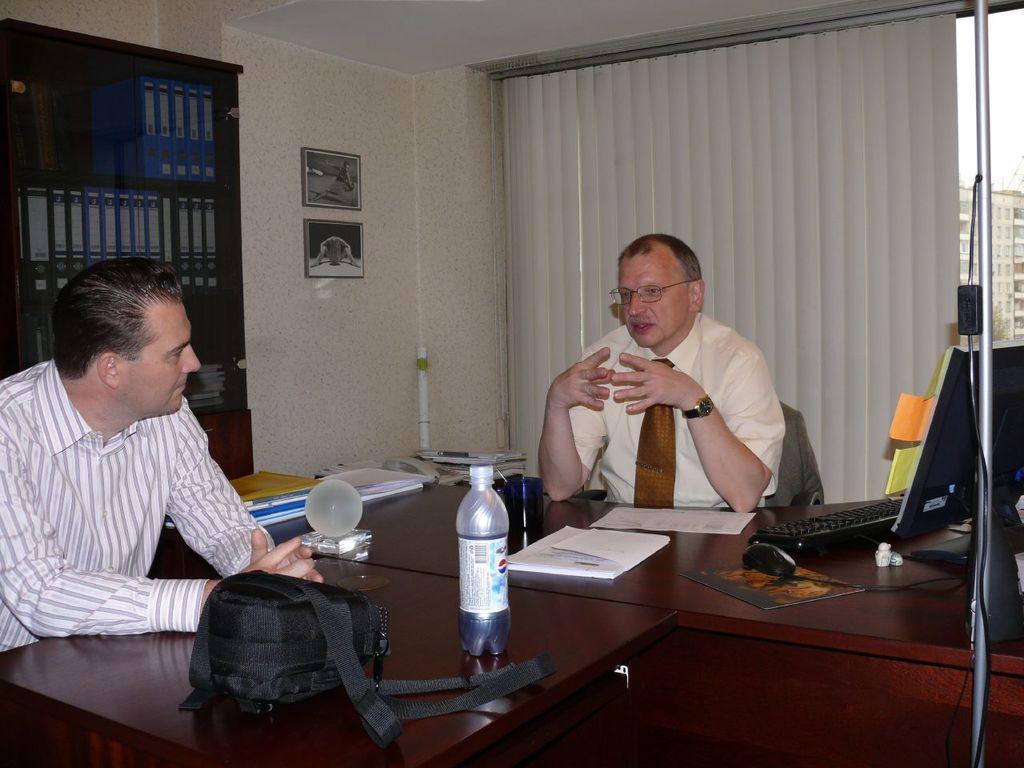Please provide a concise description of this image. Man in the middle of the picture wearing cream shirt and brown tie is sitting on the chair and he is talking to the man on the opposite side who is wearing white checks shirt. In front of them, we see a table on which monitor, keyboard, mouse, papers, water bottle, books, files and black bag are placed. Behind them, we see a rack in which many books are placed. Beside that, we see a white wall on which photo frames are placed. Beside that, we see a window blind from which we see many buildings and this picture is clicked inside the room. 
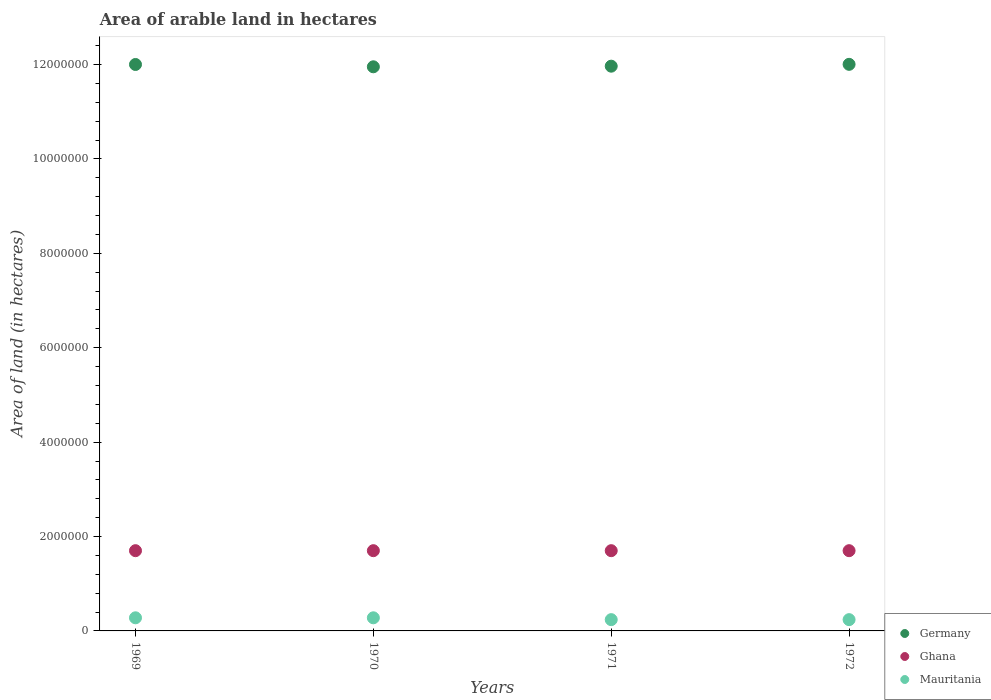What is the total arable land in Ghana in 1972?
Ensure brevity in your answer.  1.70e+06. Across all years, what is the maximum total arable land in Germany?
Your response must be concise. 1.20e+07. Across all years, what is the minimum total arable land in Ghana?
Offer a terse response. 1.70e+06. In which year was the total arable land in Mauritania maximum?
Your answer should be compact. 1969. What is the total total arable land in Germany in the graph?
Provide a succinct answer. 4.79e+07. What is the difference between the total arable land in Germany in 1969 and that in 1970?
Give a very brief answer. 4.90e+04. What is the difference between the total arable land in Germany in 1969 and the total arable land in Mauritania in 1970?
Ensure brevity in your answer.  1.17e+07. What is the average total arable land in Ghana per year?
Offer a very short reply. 1.70e+06. In the year 1972, what is the difference between the total arable land in Germany and total arable land in Ghana?
Your response must be concise. 1.03e+07. What is the ratio of the total arable land in Mauritania in 1969 to that in 1971?
Ensure brevity in your answer.  1.16. Is the total arable land in Germany in 1969 less than that in 1971?
Ensure brevity in your answer.  No. What is the difference between the highest and the second highest total arable land in Mauritania?
Offer a very short reply. 0. What is the difference between the highest and the lowest total arable land in Mauritania?
Keep it short and to the point. 3.90e+04. In how many years, is the total arable land in Mauritania greater than the average total arable land in Mauritania taken over all years?
Offer a very short reply. 2. How many legend labels are there?
Provide a succinct answer. 3. How are the legend labels stacked?
Ensure brevity in your answer.  Vertical. What is the title of the graph?
Offer a terse response. Area of arable land in hectares. Does "Sweden" appear as one of the legend labels in the graph?
Offer a very short reply. No. What is the label or title of the X-axis?
Offer a terse response. Years. What is the label or title of the Y-axis?
Your answer should be compact. Area of land (in hectares). What is the Area of land (in hectares) of Germany in 1969?
Provide a short and direct response. 1.20e+07. What is the Area of land (in hectares) of Ghana in 1969?
Ensure brevity in your answer.  1.70e+06. What is the Area of land (in hectares) of Mauritania in 1969?
Give a very brief answer. 2.78e+05. What is the Area of land (in hectares) of Germany in 1970?
Your answer should be compact. 1.20e+07. What is the Area of land (in hectares) in Ghana in 1970?
Provide a succinct answer. 1.70e+06. What is the Area of land (in hectares) in Mauritania in 1970?
Your answer should be very brief. 2.78e+05. What is the Area of land (in hectares) in Germany in 1971?
Give a very brief answer. 1.20e+07. What is the Area of land (in hectares) of Ghana in 1971?
Provide a succinct answer. 1.70e+06. What is the Area of land (in hectares) in Mauritania in 1971?
Give a very brief answer. 2.39e+05. What is the Area of land (in hectares) in Germany in 1972?
Offer a very short reply. 1.20e+07. What is the Area of land (in hectares) of Ghana in 1972?
Your answer should be compact. 1.70e+06. What is the Area of land (in hectares) of Mauritania in 1972?
Ensure brevity in your answer.  2.39e+05. Across all years, what is the maximum Area of land (in hectares) of Germany?
Provide a short and direct response. 1.20e+07. Across all years, what is the maximum Area of land (in hectares) of Ghana?
Offer a terse response. 1.70e+06. Across all years, what is the maximum Area of land (in hectares) of Mauritania?
Offer a very short reply. 2.78e+05. Across all years, what is the minimum Area of land (in hectares) in Germany?
Offer a very short reply. 1.20e+07. Across all years, what is the minimum Area of land (in hectares) in Ghana?
Offer a very short reply. 1.70e+06. Across all years, what is the minimum Area of land (in hectares) of Mauritania?
Keep it short and to the point. 2.39e+05. What is the total Area of land (in hectares) in Germany in the graph?
Make the answer very short. 4.79e+07. What is the total Area of land (in hectares) of Ghana in the graph?
Your answer should be compact. 6.80e+06. What is the total Area of land (in hectares) of Mauritania in the graph?
Make the answer very short. 1.03e+06. What is the difference between the Area of land (in hectares) of Germany in 1969 and that in 1970?
Keep it short and to the point. 4.90e+04. What is the difference between the Area of land (in hectares) in Ghana in 1969 and that in 1970?
Your response must be concise. 0. What is the difference between the Area of land (in hectares) in Germany in 1969 and that in 1971?
Offer a terse response. 3.60e+04. What is the difference between the Area of land (in hectares) of Mauritania in 1969 and that in 1971?
Your answer should be very brief. 3.90e+04. What is the difference between the Area of land (in hectares) in Germany in 1969 and that in 1972?
Your response must be concise. -3000. What is the difference between the Area of land (in hectares) of Mauritania in 1969 and that in 1972?
Keep it short and to the point. 3.90e+04. What is the difference between the Area of land (in hectares) in Germany in 1970 and that in 1971?
Give a very brief answer. -1.30e+04. What is the difference between the Area of land (in hectares) in Mauritania in 1970 and that in 1971?
Ensure brevity in your answer.  3.90e+04. What is the difference between the Area of land (in hectares) in Germany in 1970 and that in 1972?
Provide a short and direct response. -5.20e+04. What is the difference between the Area of land (in hectares) of Mauritania in 1970 and that in 1972?
Provide a succinct answer. 3.90e+04. What is the difference between the Area of land (in hectares) of Germany in 1971 and that in 1972?
Offer a terse response. -3.90e+04. What is the difference between the Area of land (in hectares) of Mauritania in 1971 and that in 1972?
Your answer should be compact. 0. What is the difference between the Area of land (in hectares) of Germany in 1969 and the Area of land (in hectares) of Ghana in 1970?
Keep it short and to the point. 1.03e+07. What is the difference between the Area of land (in hectares) in Germany in 1969 and the Area of land (in hectares) in Mauritania in 1970?
Make the answer very short. 1.17e+07. What is the difference between the Area of land (in hectares) of Ghana in 1969 and the Area of land (in hectares) of Mauritania in 1970?
Give a very brief answer. 1.42e+06. What is the difference between the Area of land (in hectares) in Germany in 1969 and the Area of land (in hectares) in Ghana in 1971?
Your answer should be very brief. 1.03e+07. What is the difference between the Area of land (in hectares) in Germany in 1969 and the Area of land (in hectares) in Mauritania in 1971?
Provide a short and direct response. 1.18e+07. What is the difference between the Area of land (in hectares) in Ghana in 1969 and the Area of land (in hectares) in Mauritania in 1971?
Make the answer very short. 1.46e+06. What is the difference between the Area of land (in hectares) of Germany in 1969 and the Area of land (in hectares) of Ghana in 1972?
Offer a very short reply. 1.03e+07. What is the difference between the Area of land (in hectares) of Germany in 1969 and the Area of land (in hectares) of Mauritania in 1972?
Give a very brief answer. 1.18e+07. What is the difference between the Area of land (in hectares) in Ghana in 1969 and the Area of land (in hectares) in Mauritania in 1972?
Provide a succinct answer. 1.46e+06. What is the difference between the Area of land (in hectares) in Germany in 1970 and the Area of land (in hectares) in Ghana in 1971?
Provide a succinct answer. 1.03e+07. What is the difference between the Area of land (in hectares) in Germany in 1970 and the Area of land (in hectares) in Mauritania in 1971?
Your response must be concise. 1.17e+07. What is the difference between the Area of land (in hectares) of Ghana in 1970 and the Area of land (in hectares) of Mauritania in 1971?
Offer a very short reply. 1.46e+06. What is the difference between the Area of land (in hectares) of Germany in 1970 and the Area of land (in hectares) of Ghana in 1972?
Your answer should be compact. 1.03e+07. What is the difference between the Area of land (in hectares) in Germany in 1970 and the Area of land (in hectares) in Mauritania in 1972?
Your answer should be very brief. 1.17e+07. What is the difference between the Area of land (in hectares) of Ghana in 1970 and the Area of land (in hectares) of Mauritania in 1972?
Provide a succinct answer. 1.46e+06. What is the difference between the Area of land (in hectares) of Germany in 1971 and the Area of land (in hectares) of Ghana in 1972?
Provide a short and direct response. 1.03e+07. What is the difference between the Area of land (in hectares) of Germany in 1971 and the Area of land (in hectares) of Mauritania in 1972?
Provide a short and direct response. 1.17e+07. What is the difference between the Area of land (in hectares) in Ghana in 1971 and the Area of land (in hectares) in Mauritania in 1972?
Your answer should be very brief. 1.46e+06. What is the average Area of land (in hectares) of Germany per year?
Offer a terse response. 1.20e+07. What is the average Area of land (in hectares) in Ghana per year?
Provide a short and direct response. 1.70e+06. What is the average Area of land (in hectares) in Mauritania per year?
Offer a very short reply. 2.58e+05. In the year 1969, what is the difference between the Area of land (in hectares) of Germany and Area of land (in hectares) of Ghana?
Your answer should be very brief. 1.03e+07. In the year 1969, what is the difference between the Area of land (in hectares) in Germany and Area of land (in hectares) in Mauritania?
Your response must be concise. 1.17e+07. In the year 1969, what is the difference between the Area of land (in hectares) in Ghana and Area of land (in hectares) in Mauritania?
Provide a succinct answer. 1.42e+06. In the year 1970, what is the difference between the Area of land (in hectares) of Germany and Area of land (in hectares) of Ghana?
Your answer should be compact. 1.03e+07. In the year 1970, what is the difference between the Area of land (in hectares) in Germany and Area of land (in hectares) in Mauritania?
Your answer should be very brief. 1.17e+07. In the year 1970, what is the difference between the Area of land (in hectares) of Ghana and Area of land (in hectares) of Mauritania?
Offer a terse response. 1.42e+06. In the year 1971, what is the difference between the Area of land (in hectares) of Germany and Area of land (in hectares) of Ghana?
Your answer should be compact. 1.03e+07. In the year 1971, what is the difference between the Area of land (in hectares) of Germany and Area of land (in hectares) of Mauritania?
Provide a succinct answer. 1.17e+07. In the year 1971, what is the difference between the Area of land (in hectares) in Ghana and Area of land (in hectares) in Mauritania?
Your answer should be very brief. 1.46e+06. In the year 1972, what is the difference between the Area of land (in hectares) in Germany and Area of land (in hectares) in Ghana?
Make the answer very short. 1.03e+07. In the year 1972, what is the difference between the Area of land (in hectares) in Germany and Area of land (in hectares) in Mauritania?
Offer a very short reply. 1.18e+07. In the year 1972, what is the difference between the Area of land (in hectares) in Ghana and Area of land (in hectares) in Mauritania?
Your answer should be compact. 1.46e+06. What is the ratio of the Area of land (in hectares) of Germany in 1969 to that in 1970?
Give a very brief answer. 1. What is the ratio of the Area of land (in hectares) of Ghana in 1969 to that in 1970?
Keep it short and to the point. 1. What is the ratio of the Area of land (in hectares) of Germany in 1969 to that in 1971?
Make the answer very short. 1. What is the ratio of the Area of land (in hectares) of Ghana in 1969 to that in 1971?
Keep it short and to the point. 1. What is the ratio of the Area of land (in hectares) in Mauritania in 1969 to that in 1971?
Offer a terse response. 1.16. What is the ratio of the Area of land (in hectares) in Ghana in 1969 to that in 1972?
Ensure brevity in your answer.  1. What is the ratio of the Area of land (in hectares) in Mauritania in 1969 to that in 1972?
Make the answer very short. 1.16. What is the ratio of the Area of land (in hectares) of Germany in 1970 to that in 1971?
Make the answer very short. 1. What is the ratio of the Area of land (in hectares) in Mauritania in 1970 to that in 1971?
Make the answer very short. 1.16. What is the ratio of the Area of land (in hectares) of Germany in 1970 to that in 1972?
Offer a very short reply. 1. What is the ratio of the Area of land (in hectares) of Mauritania in 1970 to that in 1972?
Your answer should be very brief. 1.16. What is the ratio of the Area of land (in hectares) of Germany in 1971 to that in 1972?
Ensure brevity in your answer.  1. What is the ratio of the Area of land (in hectares) in Ghana in 1971 to that in 1972?
Your response must be concise. 1. What is the ratio of the Area of land (in hectares) of Mauritania in 1971 to that in 1972?
Give a very brief answer. 1. What is the difference between the highest and the second highest Area of land (in hectares) in Germany?
Make the answer very short. 3000. What is the difference between the highest and the second highest Area of land (in hectares) in Mauritania?
Keep it short and to the point. 0. What is the difference between the highest and the lowest Area of land (in hectares) of Germany?
Your answer should be very brief. 5.20e+04. What is the difference between the highest and the lowest Area of land (in hectares) of Ghana?
Offer a very short reply. 0. What is the difference between the highest and the lowest Area of land (in hectares) of Mauritania?
Ensure brevity in your answer.  3.90e+04.

---*---

● Task
Give the number of lines in the entries that contain "axis", and add nothing.

● Result for this exercise
2